TASK DATA —

+--

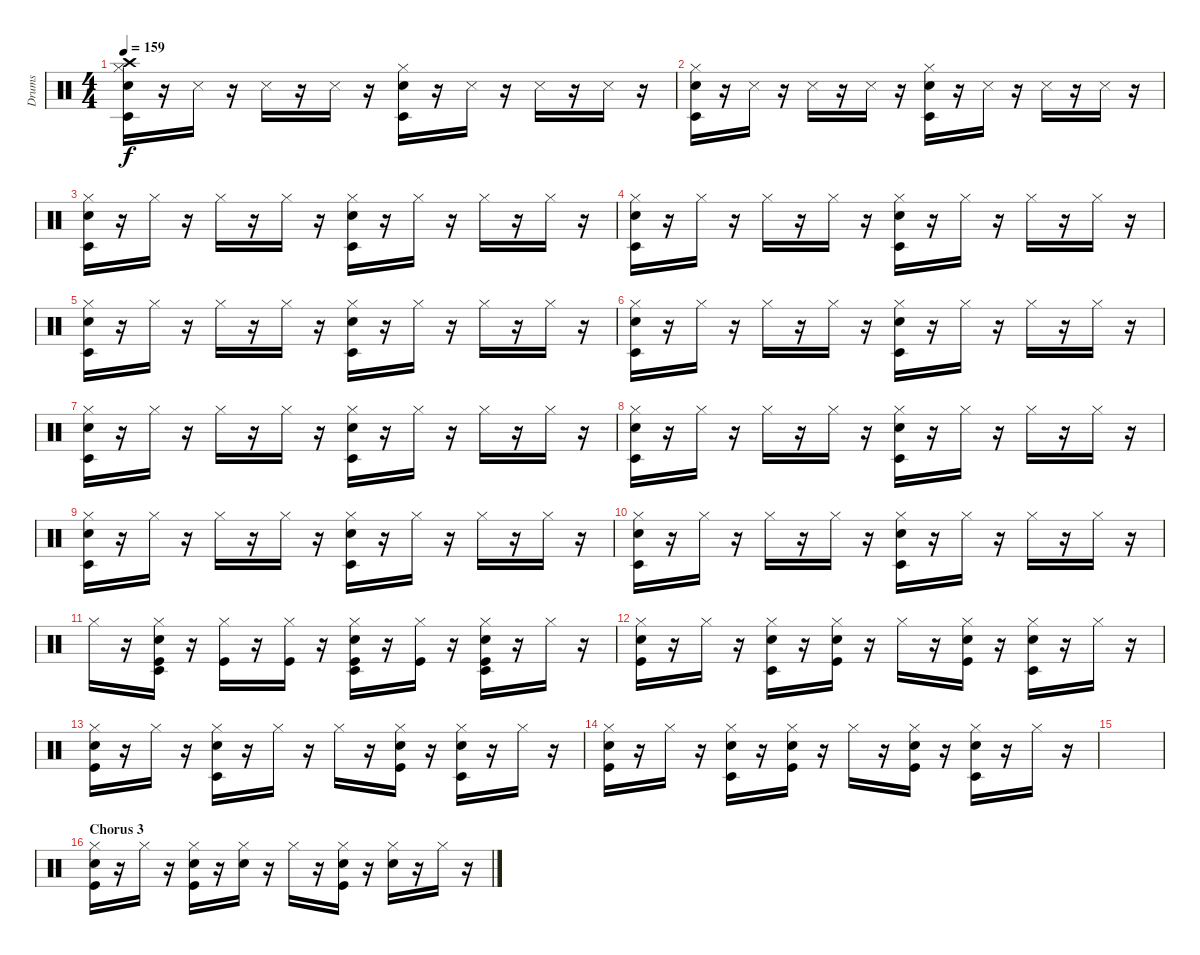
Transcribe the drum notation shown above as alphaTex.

\track ("Drums" "Drums") {instrument percussion}
\staff {score}
\articulation defaults
\ts (4 4)
\tempo 159
\clef neutral
\ks c
("Hi-Hat (closed)" "Timbale low (hit)" "Snare (hit) 2" "Crash high (hit)").16{dy f} r.16 "Snare (side stick) 3".16 r.16 "Snare (side stick) 3".16 r.16 "Snare (side stick) 3".16 r.16 ("Hi-Hat (closed)" "Timbale low (hit)" "Snare (hit) 2").16 r.16 "Snare (side stick) 3".16 r.16 "Snare (side stick) 3".16 r.16 "Snare (side stick) 3".16 r.16 |
("Hi-Hat (closed)" "Timbale low (hit)" "Snare (hit) 2").16 r.16 "Snare (side stick) 3".16 r.16 "Snare (side stick) 3".16 r.16 "Snare (side stick) 3".16 r.16 ("Hi-Hat (closed)" "Timbale low (hit)" "Snare (hit) 2").16 r.16 "Snare (side stick) 3".16 r.16 "Snare (side stick) 3".16 r.16 "Snare (side stick) 3".16 r.16 |
("Hi-Hat (closed)" "Timbale low (hit)" "Snare (hit) 2").16 r.16 "Hi-Hat (closed)".16 r.16 "Hi-Hat (closed)".16 r.16 "Hi-Hat (closed)".16 r.16 ("Hi-Hat (closed)" "Timbale low (hit)" "Snare (hit) 2").16 r.16 "Hi-Hat (closed)".16 r.16 "Hi-Hat (closed)".16 r.16 "Hi-Hat (closed)".16 r.16 |
("Hi-Hat (closed)" "Timbale low (hit)" "Snare (hit) 2").16 r.16 "Hi-Hat (closed)".16 r.16 "Hi-Hat (closed)".16 r.16 "Hi-Hat (closed)".16 r.16 ("Hi-Hat (closed)" "Timbale low (hit)" "Snare (hit) 2").16 r.16 "Hi-Hat (closed)".16 r.16 "Hi-Hat (closed)".16 r.16 "Hi-Hat (closed)".16 r.16 |
("Hi-Hat (closed)" "Timbale low (hit)" "Snare (hit) 2").16 r.16 "Hi-Hat (closed)".16 r.16 "Hi-Hat (closed)".16 r.16 "Hi-Hat (closed)".16 r.16 ("Hi-Hat (closed)" "Timbale low (hit)" "Snare (hit) 2").16 r.16 "Hi-Hat (closed)".16 r.16 "Hi-Hat (closed)".16 r.16 "Hi-Hat (closed)".16 r.16 |
("Hi-Hat (closed)" "Timbale low (hit)" "Snare (hit) 2").16 r.16 "Hi-Hat (closed)".16 r.16 "Hi-Hat (closed)".16 r.16 "Hi-Hat (closed)".16 r.16 ("Hi-Hat (closed)" "Timbale low (hit)" "Snare (hit) 2").16 r.16 "Hi-Hat (closed)".16 r.16 "Hi-Hat (closed)".16 r.16 "Hi-Hat (closed)".16 r.16 |
("Hi-Hat (closed)" "Timbale low (hit)" "Snare (hit) 2").16 r.16 "Hi-Hat (closed)".16 r.16 "Hi-Hat (closed)".16 r.16 "Hi-Hat (closed)".16 r.16 ("Hi-Hat (closed)" "Timbale low (hit)" "Snare (hit) 2").16 r.16 "Hi-Hat (closed)".16 r.16 "Hi-Hat (closed)".16 r.16 "Hi-Hat (closed)".16 r.16 |
("Hi-Hat (closed)" "Timbale low (hit)" "Snare (hit) 2").16 r.16 "Hi-Hat (closed)".16 r.16 "Hi-Hat (closed)".16 r.16 "Hi-Hat (closed)".16 r.16 ("Hi-Hat (closed)" "Timbale low (hit)" "Snare (hit) 2").16 r.16 "Hi-Hat (closed)".16 r.16 "Hi-Hat (closed)".16 r.16 "Hi-Hat (closed)".16 r.16 |
("Hi-Hat (closed)" "Timbale low (hit)" "Snare (hit) 2").16 r.16 "Hi-Hat (closed)".16 r.16 "Hi-Hat (closed)".16 r.16 "Hi-Hat (closed)".16 r.16 ("Hi-Hat (closed)" "Timbale low (hit)" "Snare (hit) 2").16 r.16 "Hi-Hat (closed)".16 r.16 "Hi-Hat (closed)".16 r.16 "Hi-Hat (closed)".16 r.16 |
("Hi-Hat (closed)" "Timbale low (hit)" "Snare (hit) 2").16 r.16 "Hi-Hat (closed)".16 r.16 "Hi-Hat (closed)".16 r.16 "Hi-Hat (closed)".16 r.16 ("Hi-Hat (closed)" "Timbale low (hit)" "Snare (hit) 2").16 r.16 "Hi-Hat (closed)".16 r.16 "Hi-Hat (closed)".16 r.16 "Hi-Hat (closed)".16 r.16 |
"Hi-Hat (closed)".16 r.16 ("Hi-Hat (closed)" "Timbale low (hit)" "Snare (hit) 2" "Kick (hit)").16 r.16 ("Hi-Hat (closed)" "Kick (hit)").16 r.16 ("Hi-Hat (closed)" "Kick (hit)").16 r.16 ("Hi-Hat (closed)" "Timbale low (hit)" "Snare (hit) 2" "Kick (hit)").16 r.16 ("Hi-Hat (closed)" "Kick (hit)").16 r.16 ("Hi-Hat (closed)" "Timbale low (hit)" "Snare (hit) 2" "Kick (hit)").16 r.16 "Hi-Hat (closed)".16 r.16 |
("Hi-Hat (closed)" "Snare (hit) 2" "Kick (hit)").16 r.16 "Hi-Hat (closed)".16 r.16 ("Hi-Hat (closed)" "Timbale low (hit)" "Snare (hit) 2").16 r.16 ("Hi-Hat (closed)" "Snare (hit) 2" "Kick (hit)").16 r.16 "Hi-Hat (closed)".16 r.16 ("Hi-Hat (closed)" "Snare (hit) 2" "Kick (hit)").16 r.16 ("Hi-Hat (closed)" "Timbale low (hit)" "Snare (hit) 2").16 r.16 "Hi-Hat (closed)".16 r.16 |
("Hi-Hat (closed)" "Snare (hit) 2" "Kick (hit)").16 r.16 "Hi-Hat (closed)".16 r.16 ("Hi-Hat (closed)" "Timbale low (hit)" "Snare (hit) 2").16 r.16 "Hi-Hat (closed)".16 r.16 "Hi-Hat (closed)".16 r.16 ("Hi-Hat (closed)" "Snare (hit) 2" "Kick (hit)").16 r.16 ("Hi-Hat (closed)" "Timbale low (hit)" "Snare (hit) 2").16 r.16 "Hi-Hat (closed)".16 r.16 |
("Hi-Hat (closed)" "Snare (hit) 2" "Kick (hit)").16 r.16 "Hi-Hat (closed)".16 r.16 ("Hi-Hat (closed)" "Timbale low (hit)" "Snare (hit) 2").16 r.16 ("Hi-Hat (closed)" "Snare (hit) 2" "Kick (hit)").16 r.16 "Hi-Hat (closed)".16 r.16 ("Hi-Hat (closed)" "Snare (hit) 2" "Kick (hit)").16 r.16 ("Hi-Hat (closed)" "Timbale low (hit)" "Snare (hit) 2").16 r.16 "Hi-Hat (closed)".16 r.16 |
|
\section ("" "Chorus 3")
("Hi-Hat (closed)" "Snare (hit) 2" "Kick (hit)").16 r.16 "Hi-Hat (closed)".16 r.16 ("Hi-Hat (closed)" "Snare (hit) 2" "Kick (hit)").16 r.16 ("Hi-Hat (closed)" "Snare (hit) 2").16 r.16 "Hi-Hat (closed)".16 r.16 ("Hi-Hat (closed)" "Snare (hit) 2" "Kick (hit)").16 r.16 ("Hi-Hat (closed)" "Snare (hit) 2").16 r.16 "Hi-Hat (closed)".16 r.16

+--

THE TASK — Scan the listing for the word "side". Copy every line in which it appears.

OUTPUT FOR THIS EXERCISE —
("Hi-Hat (closed)" "Timbale low (hit)" "Snare (hit) 2" "Crash high (hit)").16{dy f} r.16 "Snare (side stick) 3".16 r.16 "Snare (side stick) 3".16 r.16 "Snare (side stick) 3".16 r.16 ("Hi-Hat (closed)" "Timbale low (hit)" "Snare (hit) 2").16 r.16 "Snare (side stick) 3".16 r.16 "Snare (side stick) 3".16 r.16 "Snare (side stick) 3".16 r.16 |
("Hi-Hat (closed)" "Timbale low (hit)" "Snare (hit) 2").16 r.16 "Snare (side stick) 3".16 r.16 "Snare (side stick) 3".16 r.16 "Snare (side stick) 3".16 r.16 ("Hi-Hat (closed)" "Timbale low (hit)" "Snare (hit) 2").16 r.16 "Snare (side stick) 3".16 r.16 "Snare (side stick) 3".16 r.16 "Snare (side stick) 3".16 r.16 |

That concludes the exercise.